Creative Spaces of Precarity and Possibility

Building for creativity –Places, spaces, educating and collaborating (Martin Bouette and Ian Elwick, Werks Group)

Brighton has become a coherent creative city and the Werks Group has been central in this development. This talk explores the development of creative hubs in Brighton and in particular the relationship between physical and virtual support. The Werks group has an enviable track record of business success with less than 2% business failure rate and a lexicon of amazing creative enterprises that have succeeded.

Director Dr Martin Bouette transcends creative hub development with an academic career coordinating the business courses for fashion pathways at the University of Brighton. He has also written and directed an MBA in Creative Industries Management. Director Ian Elwick has been at the forefront of creative hub development setting up Brighton’s first digital media centre in 1992. Since 2014 Bouette and Elwick have developed 9 creative spaces in Brighton and have undertaken research, projects, business planning and hub development for Kent County Council and Tunbridge Wells Borough Council.

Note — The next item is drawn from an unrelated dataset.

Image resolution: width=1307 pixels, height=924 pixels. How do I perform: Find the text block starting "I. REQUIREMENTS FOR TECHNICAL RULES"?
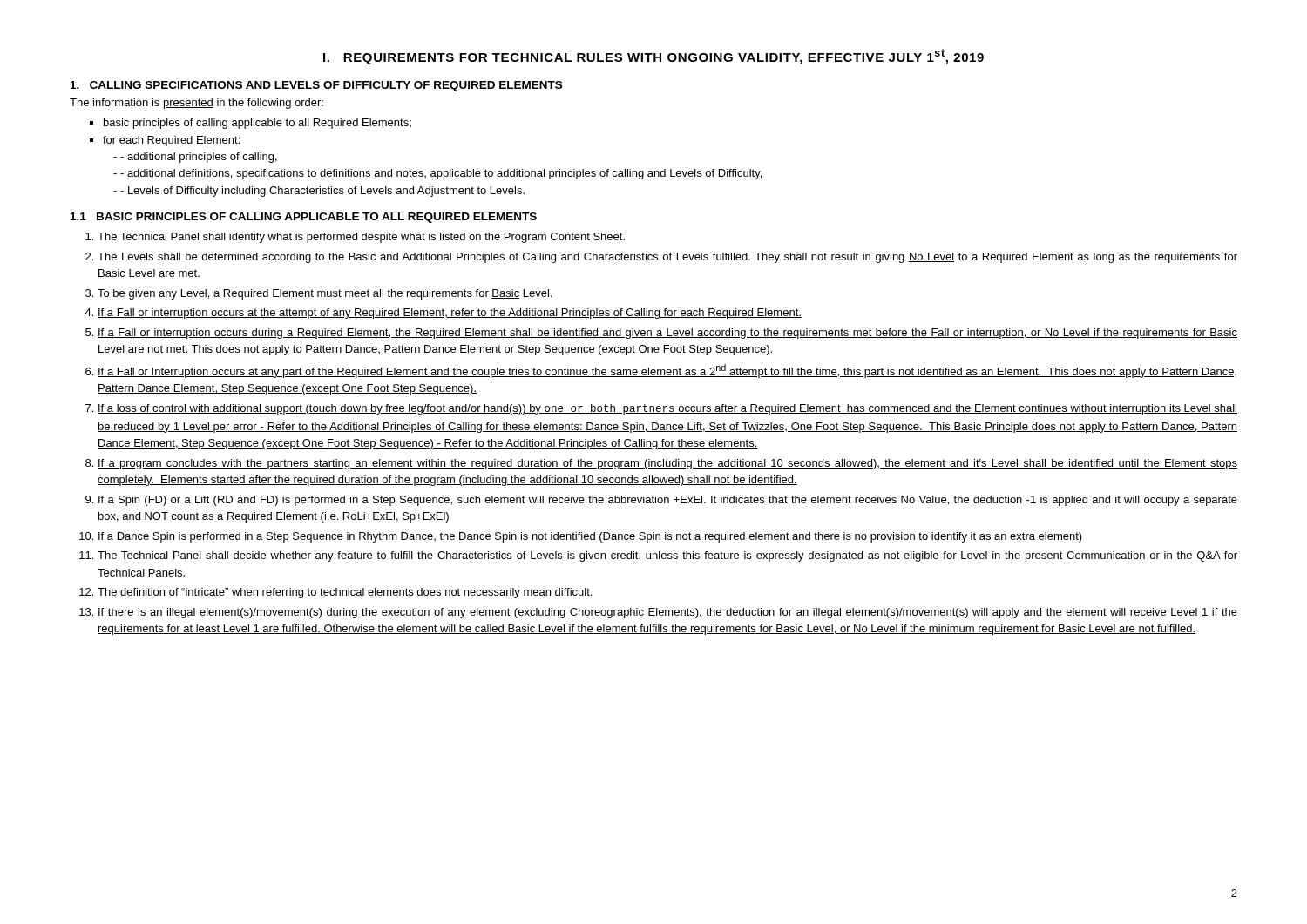coord(654,56)

Bouette and Elwick see the juxtaposition of space, community and support being at the heart of creative hubs. They will discuss their creative journey through the exploration of their practice. They will discuss developing creative spaces, implementing support at various levels, the importance of the virtual environment and connecting with local groups and HEI’s.

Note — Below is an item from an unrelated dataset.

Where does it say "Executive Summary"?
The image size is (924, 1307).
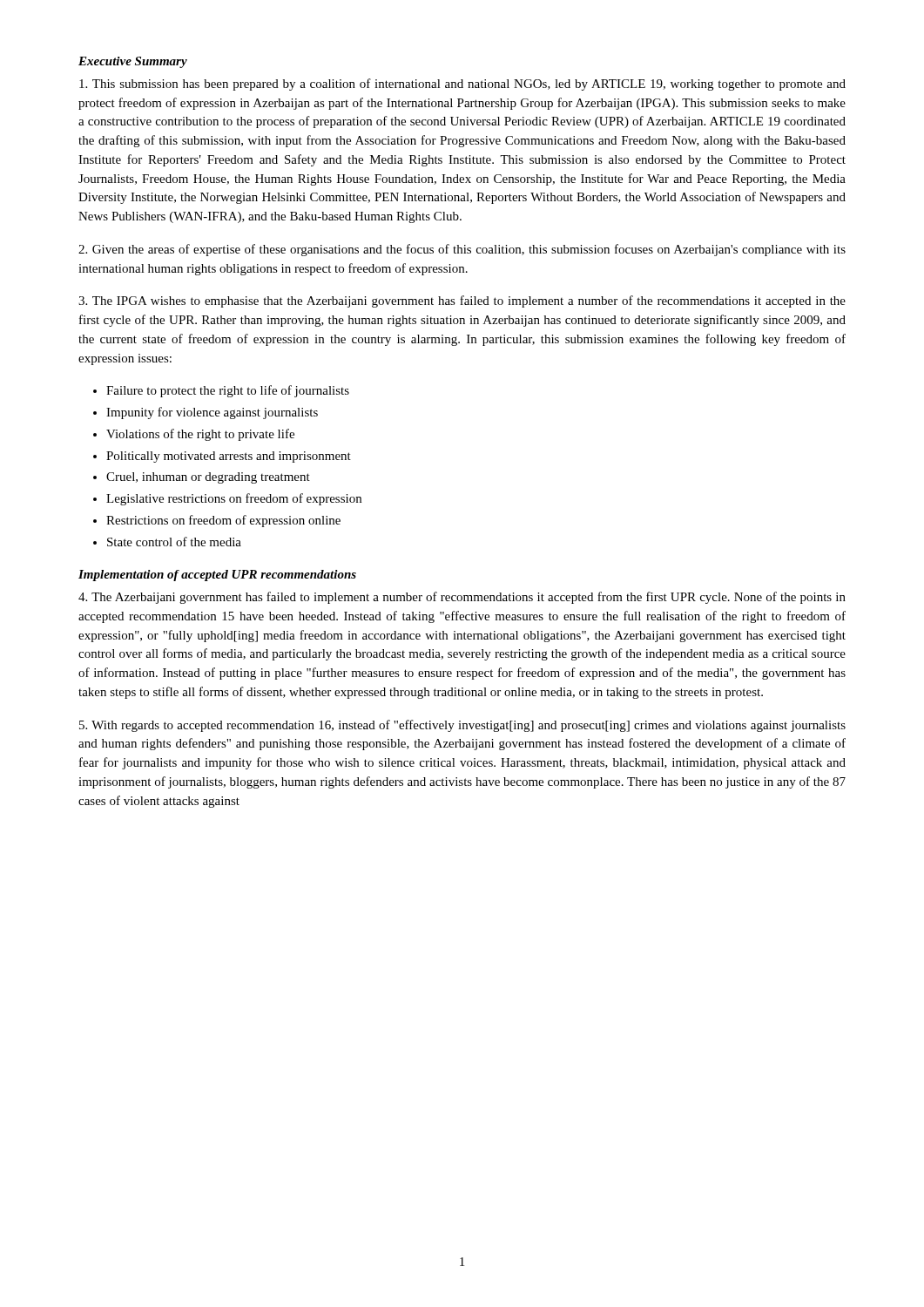[133, 62]

Within their talk Bouette and Elwick will discuss their experience of the changing landscape of creative spaces, the impact of Brexit, building connections with local groups, developing affordable spaces to meet the needs of specialist creative areas (digital, games, craft and fine art), types of spaces from offices and studios to co working and co making and the virtual community and the future.

Bouette and Elwick will conclude by discussing the  ‘Affordability Challenge’ How do private sector organisations secure and maintain supportive creative workspace that is affordable to make and therefore affordable to creative practices?

Creative labour and creative cities in a crisis of social reproduction (Harry Pitts, University of Bristol)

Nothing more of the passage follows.